Monday, June 28, 2021 1:15 PM to 1:35 PM · 20 min. (Africa/Abidjan)
Award WinnerChallenges in Programming for Massive ScalePerformance Modeling & TuningProgramming Models & Languages



Performance portability is becoming increasingly important as next-generation high performance computing systems grow increasingly diverse and heterogeneous. Several new approaches to parallel programming have been developed in recent years to tackle this challenge, such as SYCL and Kokkos. While several studies have been published evaluating these new programming models, they have tended to focus on memory-bandwidth bound applications.

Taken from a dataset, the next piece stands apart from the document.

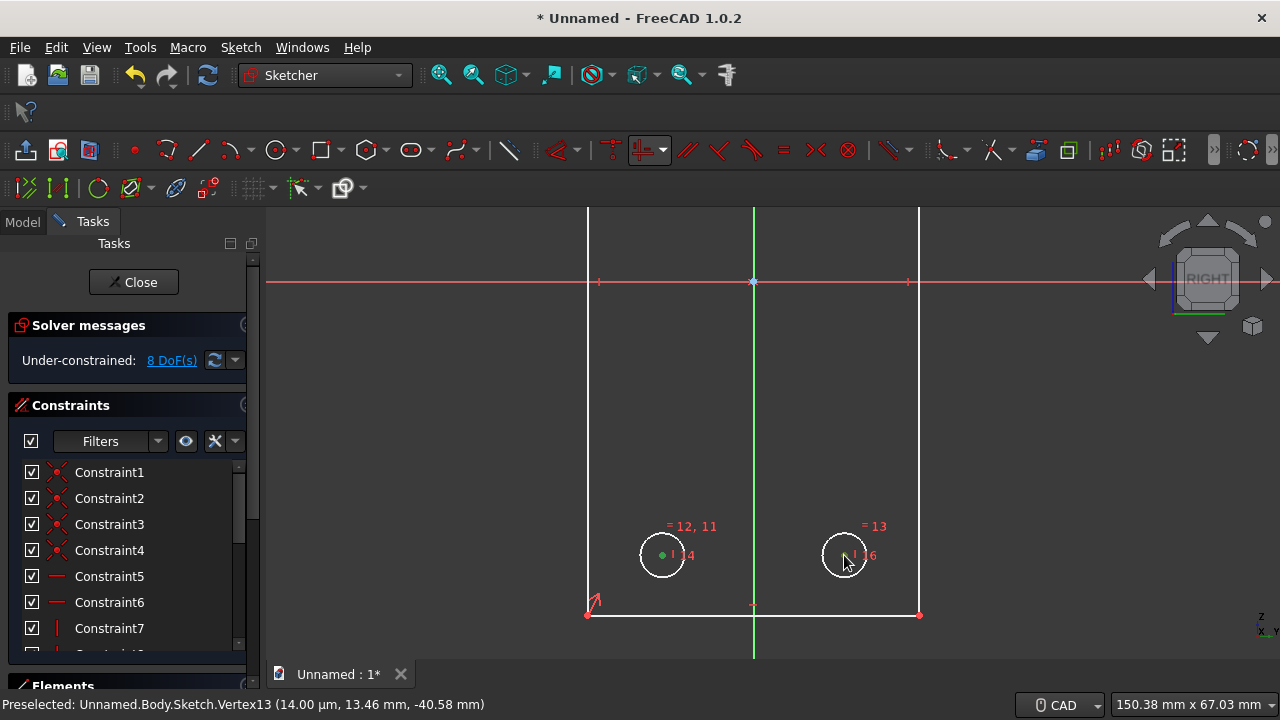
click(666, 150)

In this paper we analyse the performance of the most promising modern parallel programming models, on a diverse range of contemporary high-performance hardware, using a compute-bound molecular docking mini-app. We present a mini-app for BUDE, the Bristol University Docking Engine, am application routinely used for drug discovery. We implement the mini-app in different programming models targeting both CPUs and GPUs, including SYCL and Kokkos. We then present an analysis of the performance of each implementation and compare them to highly-optimised baselines set using established programming models such as OpenMP, OpenCL, and CUDA. Our study includes a wide variety of modern hardware platforms covering CPUs based on x86 and Arm architectures, as well as GPUs. We found that, with the emerging higher-level parallel programming models framework such as SYCL, we could achieve performance comparable to that of the established models without hurting either portability or productivity. We identify a set of key challenges and pitfalls to take into account when adopting these emerging programming models, some of which are implementation-specific effects and not fundamental design errors that prevent further adoption. Finally, we discuss our findings in the wider context of performance-portable compute-bound workloads.